Change of scenery as we check into a local B&B, Bushbaby Cottage.  A quaint cottage in the garden of its owners.  Greenery aplenty and the nightly presence of the bushbaby made for a pleasant stay.  We were self catering and we did have a problem with the water supply, but we got by, as we always do.  A big bed in a  family small bedroom, or maybe the bedroom was a good size but the bed dominated, anyway, we had a spare bedroom to lay out our clothes.  And we just relaxed and enjoyed our down time in comfort.

Next we’re off to play golf course number 66, Arusha Gymkhana, a short drive away.  A nine hole zig zaggy course which meandered its way around a water course, that came into play far too often for me!.  Lovely and green and set within trees, it was a bit tight in places and on hole 4 it criss crossed the water twice before you got to an elevate green set on high.  So high you couldn’t see from the fairway.  At stroke index 1,


its certainly a hole you need to play more than once, as unbeknown to us, there is a body of water at the top of the hill, directly in front of the green.  Pretty silly to me, but then I lost about 3 balls on that one hole, and I was feeling quite disillusioned at the course  by then.  But being a professional I had to put that aside to appreciate its actually, nice layout.  The enclaves of trees hugging onto the sides of ditches and despite the greens having been recently tined and top dressed, and therefore not looking their best, they played OK.  Hole nine is a weird one as its almost squeezed into the space to make a longer par 4 finishing hole than opting for a par 3 finish.  With a couple of longish par 5’s, maybe a finishing hole as a par 3 might have thrown it out of balance?  With Arusha Gymkhana being in the centre of town, and bearing in mind that space is always a premium, they have actually carved out a nice course, with 10 greens and 18 tees to mix it up a bit.


When we left Arusha we jump on a ferry across Lake Victoria to stay at Rocky Bay campsite.

With one more golf course to play in Tanzania, Lake Victoria Golf and Country Club.  We were told about this course, so wanted to visit, not only because it was located on a golf mine - honesty!
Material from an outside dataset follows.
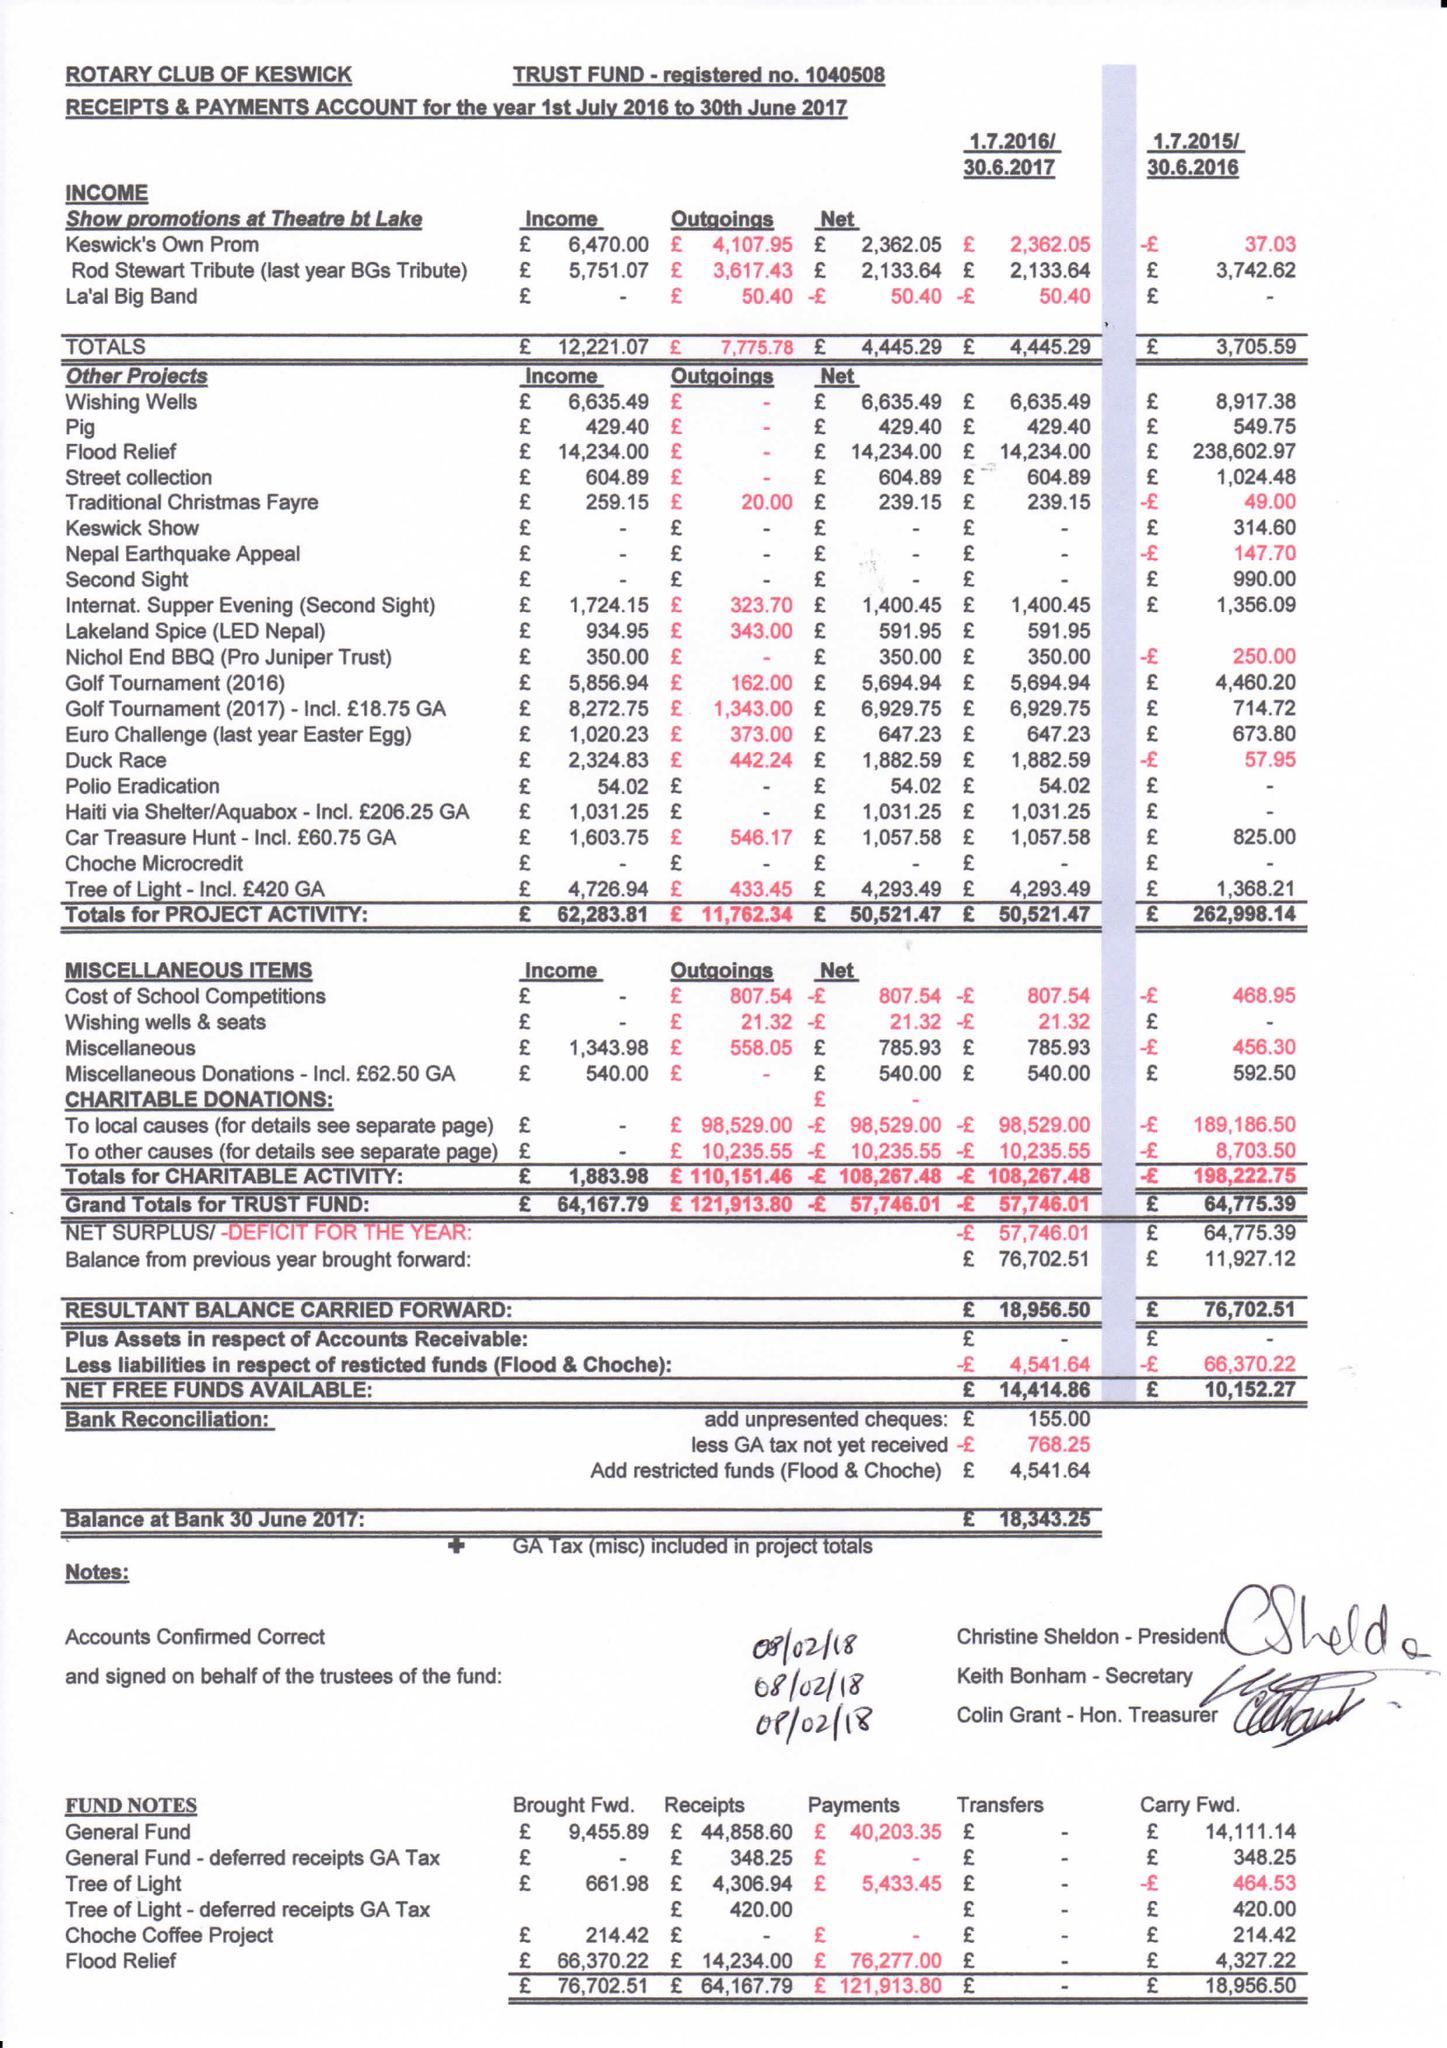What is the value for the address__street_line?
Answer the question using a single word or phrase. None

We arranged entrance into the mine and were escorted to the golf course to meet our playing partners.  It was clear from the very beginning that we were in for a bit of a laugh as these guys obviously work hard and also play hard.  Off we go in our six ball - yep a six ball, and every person contributed to the fun element whether good golfers or not, and thats what its all about.  The first thole is a ninety degree dog let right, and you can choose to take on the corner or not on this stroke index 11 hole.  Steve went over, I went round and we both ended up with a bogey.  Then the fun starts as hole two is over a dam.  I asked about the surface of the golf course as it seemed very hard to me with little green grass growing.  Amazingly they had carved a golf course out of the


laterite surface, so no wonder it was hard.  But actually it didn’t play too badly and as our exuberant six ball came to it zenith the final hole once again was one to watch as all I needed to do was play to my handicap.  Sadly my handicap eluded me and I blobbed the final hole whilst Steve played it like a dream and made a par.  Unfortunately this wasn’t enough as I did finally get one back with the final score now sitting at  Steve 34, Sarah 33.




We did a lot of exploring Tanzania as we drove around, but this article is just about golf we played. We did plan to go to the coast and add two more to our tally, but that wasn’t to be, so we only managed 4 courses, that said, they are 4 very different golf courses you could ever image, and for that, we loved it.